Thankfully, Chesterton’s worldview afforded avenues of forgiveness and redemption.  His admirers do well to imitate the nobler parts of Chesterton’s character rather than focus on the most disdainful aspects.

Why Are We So Afraid To Talk About Ida? (Catholic News Agency):  Quick!  Oscar for Best Foreign Film!  Who won it?

If you chose “Ida” then you chose well… first, the trailer:

I had the privilege of watching this film this week, and it is a powerful and profoundly Catholic film that contrasts the harsh judgement of dialectical materialism vs. the open forgiveness of Christianity, and how each worldview handles tragedy.

So what is the problem?  Well, for starters… no one is talking about it:

Why has the Catholic world been so (mostly) silent on this? Is it because it’s a foreign film and so no one heard about it? Is it because no one has 80 minutes to spare to watch it on Netflix? Is it because it includes complex characters in all their humanity who don’t perfectly embody sainthood at all moments?

Well, it won an Oscar, you’re reading this blog, and you’ve already seen all of House of Cards, and neither do you, so enough with the excuses.

In my opinion, this is a film we should be shouting about from the rooftops.

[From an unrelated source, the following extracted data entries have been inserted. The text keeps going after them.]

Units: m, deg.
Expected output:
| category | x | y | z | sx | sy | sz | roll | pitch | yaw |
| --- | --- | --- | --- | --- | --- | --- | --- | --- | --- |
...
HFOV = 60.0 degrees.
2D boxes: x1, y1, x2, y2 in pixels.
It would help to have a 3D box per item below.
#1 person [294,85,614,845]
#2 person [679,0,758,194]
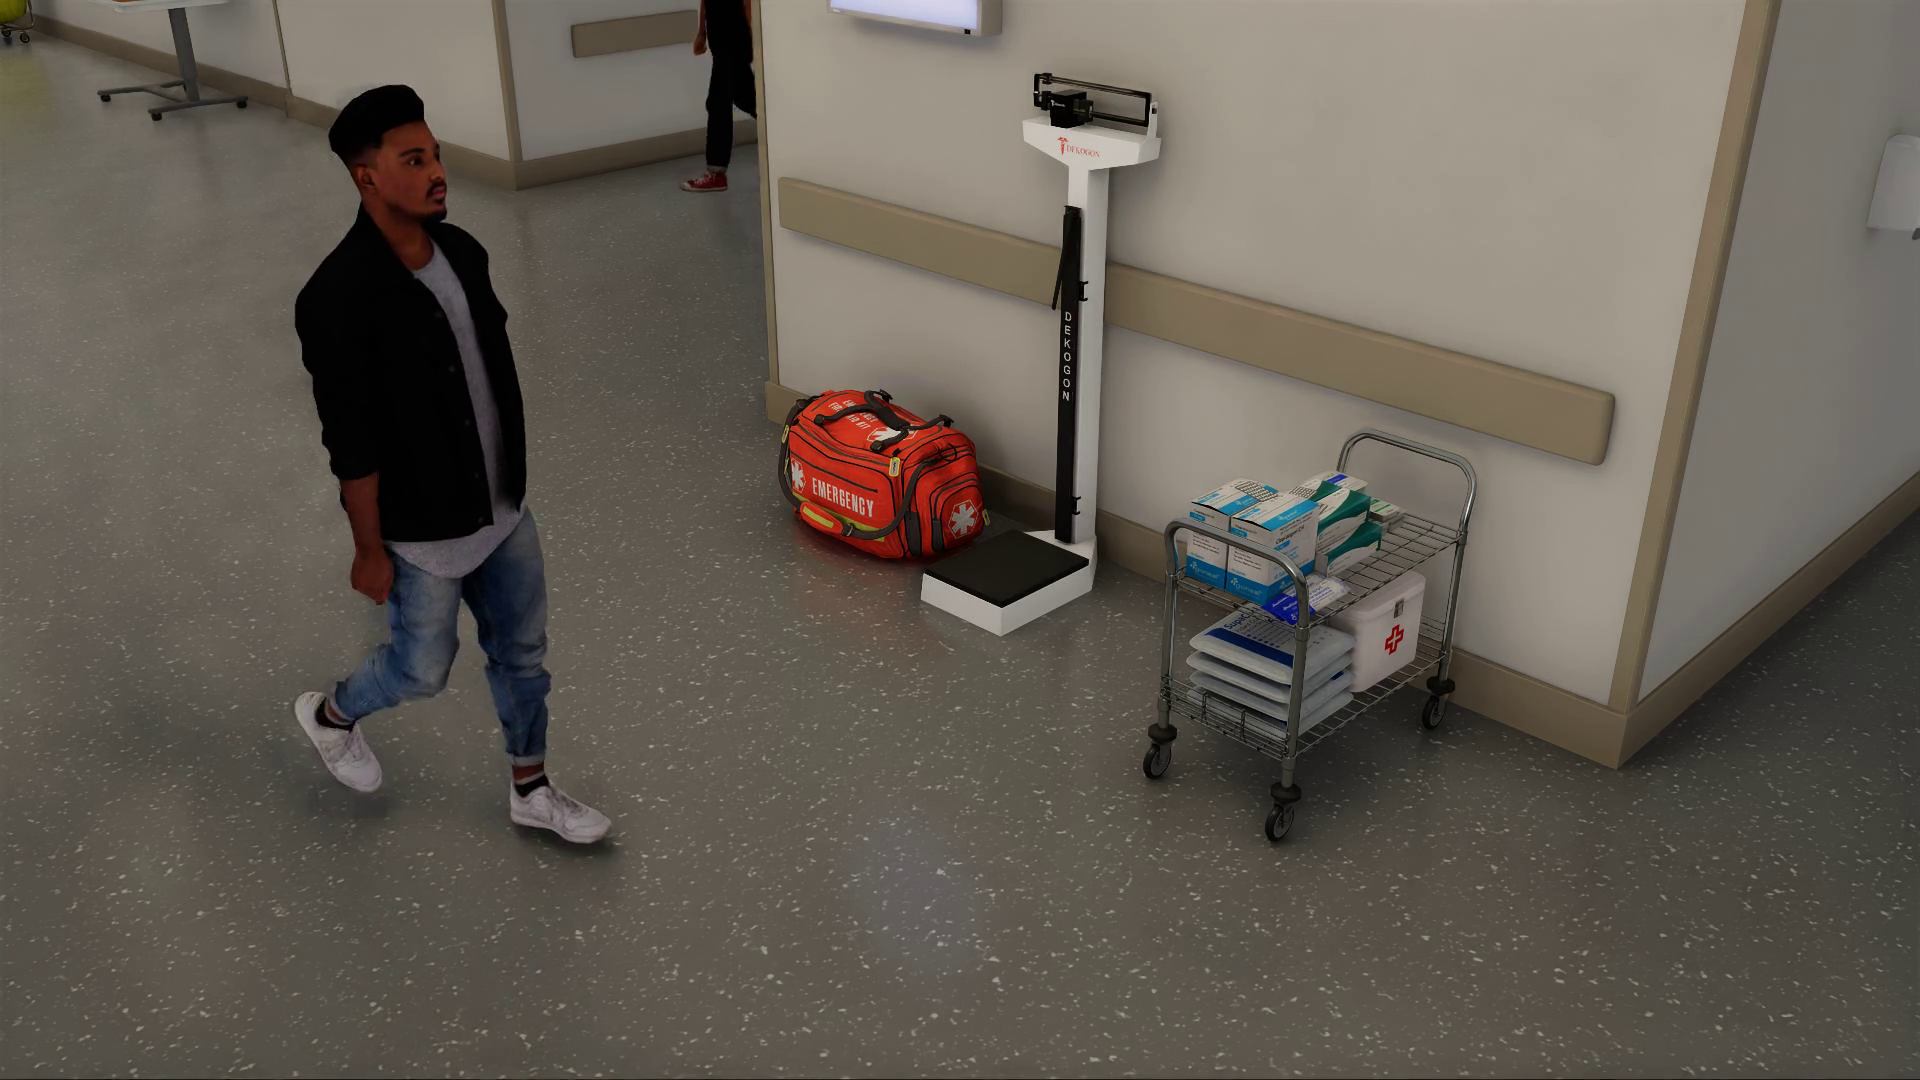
| category | x | y | z | sx | sy | sz | roll | pitch | yaw |
| --- | --- | --- | --- | --- | --- | --- | --- | --- | --- |
| person | -1.263 | -0.116 | 3.796 | 1.171 | 1.791 | 0.933 | 11 | 28 | 22 |
| person | -1.245 | -2.916 | 9.672 | 0.910 | 1.731 | 1.135 | -13 | 29 | -25 |

Who cares?  If the greater point about “taking back culture” is anything, then films such as Ida really ought to be getting more play.  In fact, there’s been a tremendous number of amazingly solid Catholic films that have come out over the last 10 years — an intensity not seen since perhaps the golden age of cinema in the 1940s and 1950s — that the Catholic world simply isn’t sharing with one another.  Are we really so wrapped up in the secular that we can’t make room for the spritual?

Here’s hoping otherwise.

Everyone Has Been Drinking Guinness Wrong, Including Guinness (Esquire): The perfect pour… a two and a half minute exercise that requires a 60% fill, a minute of settling, followed by a 40% top off and more settling.  We all know this as superior human beings with a finer sense of culture, refinement, and to be blunt — we’re not hooligans.  Right??

Kyle Kensrue has heard all the myths about Guinness as well. A certified cicerone (essentially a sommelier for beer) and the beer director at New York’s Randolph Beer, he told me: “They say that by taking your time and pouring Guinness in increments, you are able to let the beer cascade after each pour, making it more dense and creamy. I’ve never actually tried to pour in increments, but the science makes sense to me.” Although, he also noted, “You could do it with any nitro beer theoretically.”

There you have it.  You can thank me for the science, or you can thank me for introducing the word “cicerone” to your vocabulary.